We spent the summer relaxing and getting to know our family while Jon attempted to read 700 books in preparation for his comprehensive exams. He didn't succeed in reading 700 books, but we had a great time visiting with my sisters and parents while getting a handle on having two kids. It was the best three months of my life. We went to Canada when Baby Bastian was but six weeks old and to North Carolina at nine weeks. My sisters played in the ocean with Aleks while Bastian slept in a hammock and happily nursed in the sun.
The next fall, I joined a midwifery study group and began thinking seriously about midwifery as an actual career path. I was already an outspoken birth advocate and the study sessions helped bolster my growing obsession. Over time, and with life with two small children, the obsession petered out somewhat and the members of our group began to seek different paths. Still, I searched for activities other than being a stay-at-home mom to fulfill me.

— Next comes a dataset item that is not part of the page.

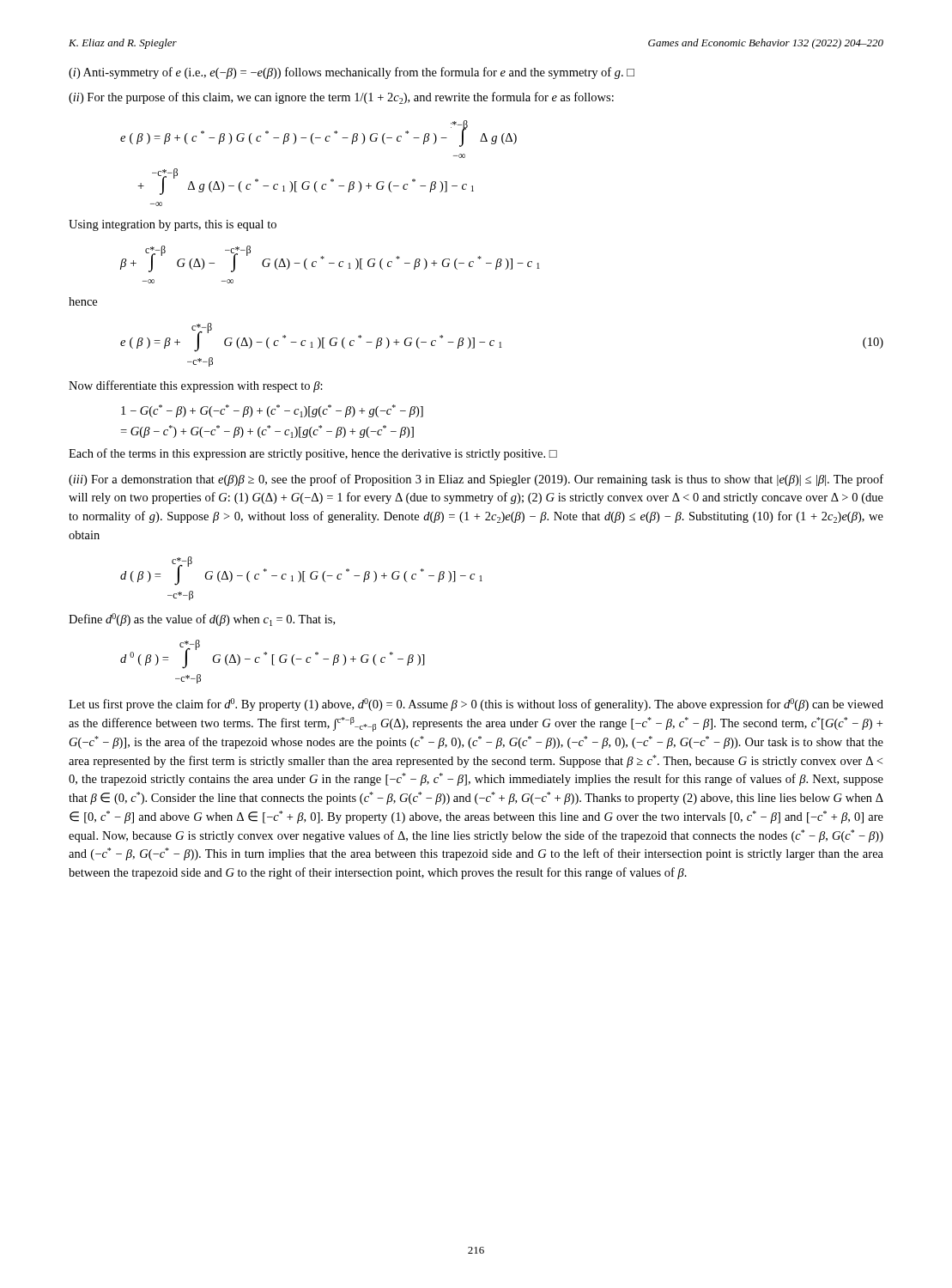Find the text starting "Let us first prove the claim"
952x1288 pixels.
click(476, 789)

The boys grew and grew. Aleks became obsessed with Halloween after we hosted a Halloween party. He loved carving pumpkins, all things scary, and eating junk food. His play often reflected his love of Halloween. His drawing skills began to blossom at this time too. He was able to draw figures not just with recognizable features, but with clearly delineated body parts.

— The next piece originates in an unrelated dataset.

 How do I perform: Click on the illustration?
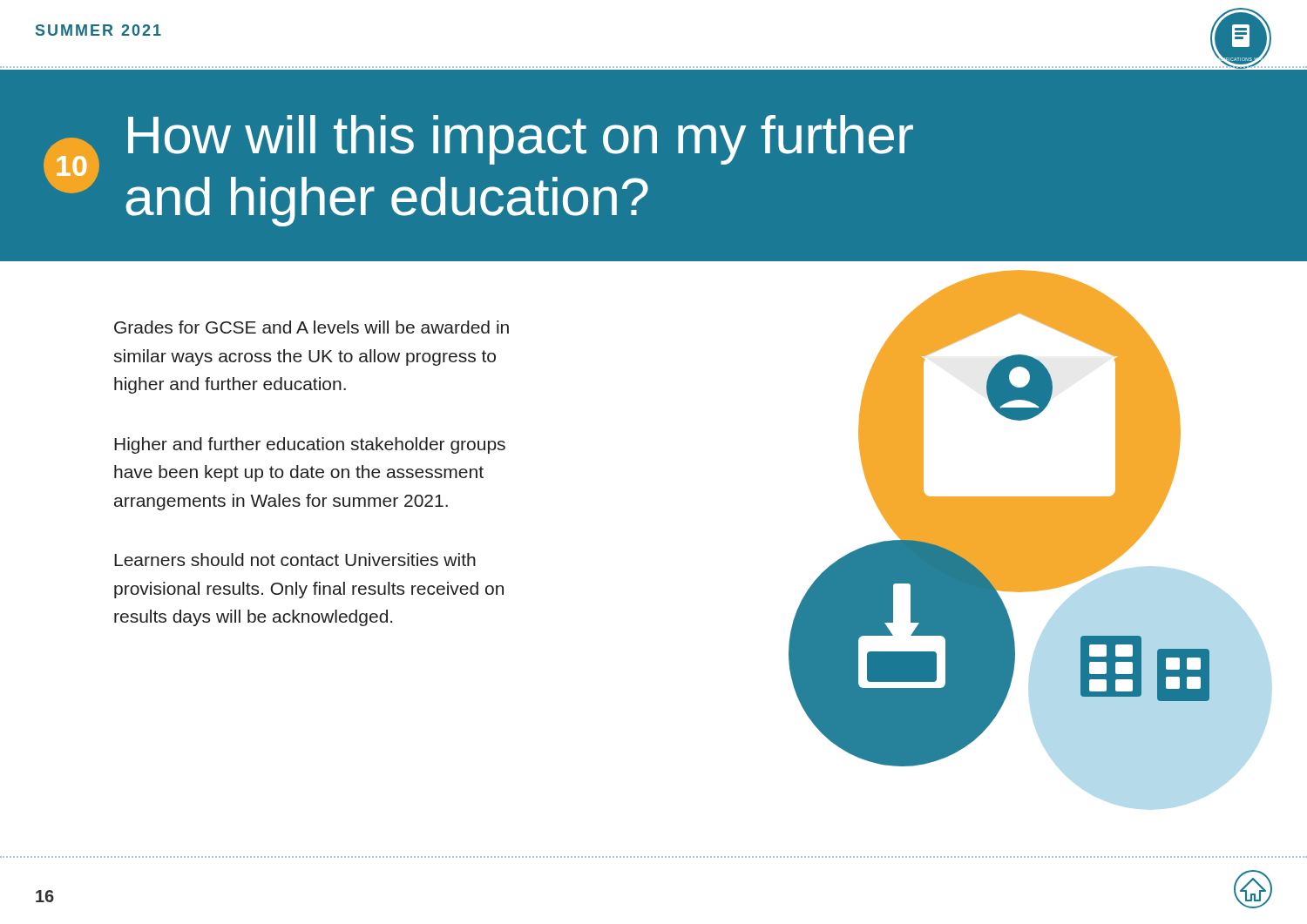pos(976,549)

Meanwhile, Jon readied himself for the comps. He scheduled to take them in May 2006. I set out to go to Santa Fe with Sebastian just afterwards for Mothering magazine's 30th anniversary. I had been volunteering as a moderator for their bulletin boards for more than a year and was excited to get the chance to meet Peggy O'Mara.
Just a couple of days before I was to leave, Jon got the devastating news that he failed to pass 3 of his 4 oral exams. Bastian and I went to New Mexico anyway, but came home to Jon's months-long struggle to find professional confidence again.

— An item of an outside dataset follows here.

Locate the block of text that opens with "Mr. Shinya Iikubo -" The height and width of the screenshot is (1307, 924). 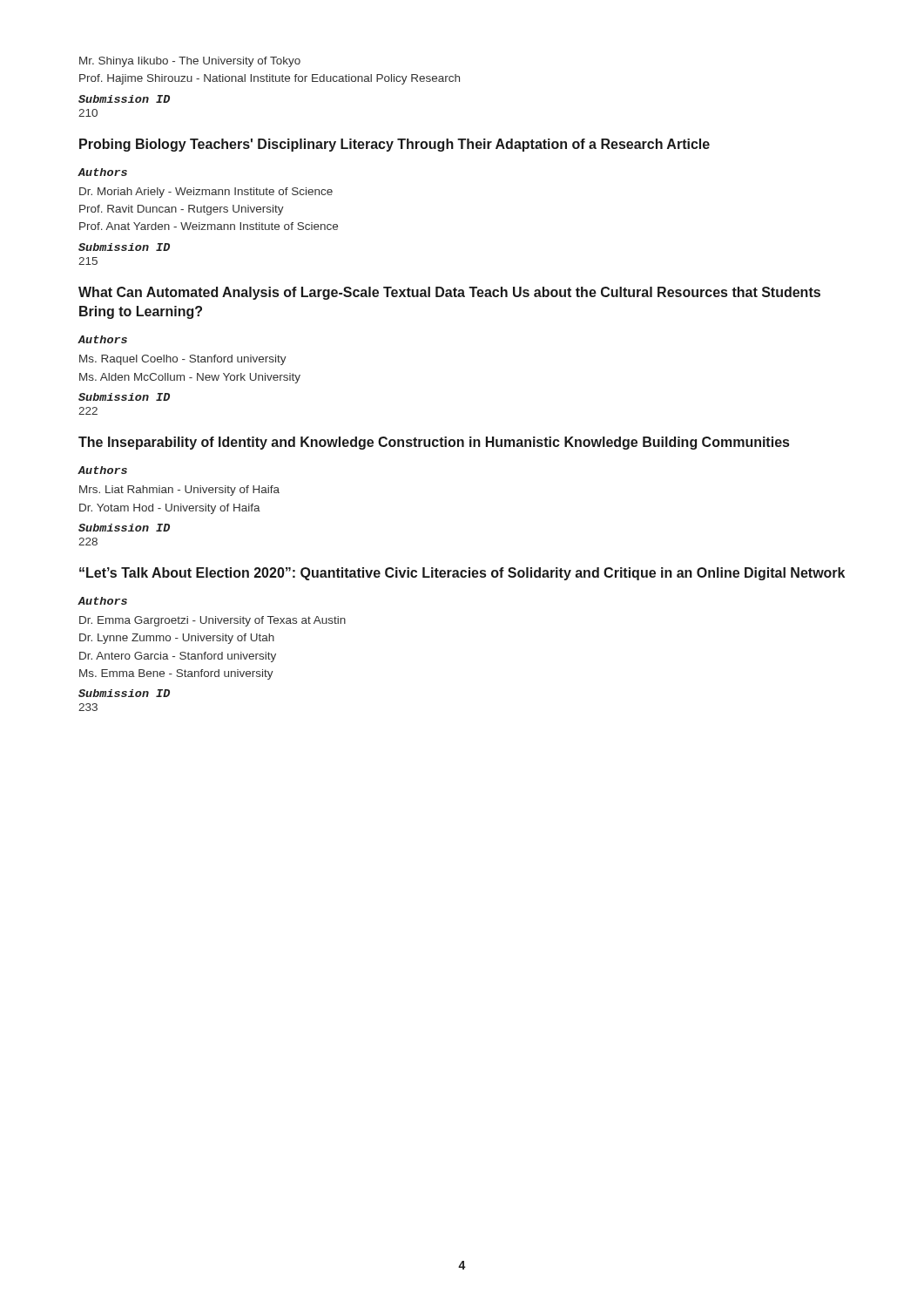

Jon rescheduled his oral comps for December 12th. I busied myself figuring out unschooling, getting Aleks into speech therapy, cleaning the house, picking up the million and a half Lego we'd suddenly acquired (the latest obsession thanks to several packages of Papa's old Lego sent by Grandma Barb), and come November, writing a 50,000 word novel in 30 days for NaNoWriMo. Unremarkably, my novel was about a bitter housewife.
Then, more trauma. Cuz we always need more of that.
On November 25, 2006, while I was washing dishes after a post-thanksgiving party at my mother's house, a casserole dish broke and sliced through my dominant right wrist, severing two tendons, a nerve, and nearly slicing completely through two more tendons. It was gruesome. I had to have surgery, couldn't change a diaper, and was in more pain than I'd ever been in. Thank goddess I had my sense of humor and Clyo the hand-bandage to keep me company. Oh, and all those drugs.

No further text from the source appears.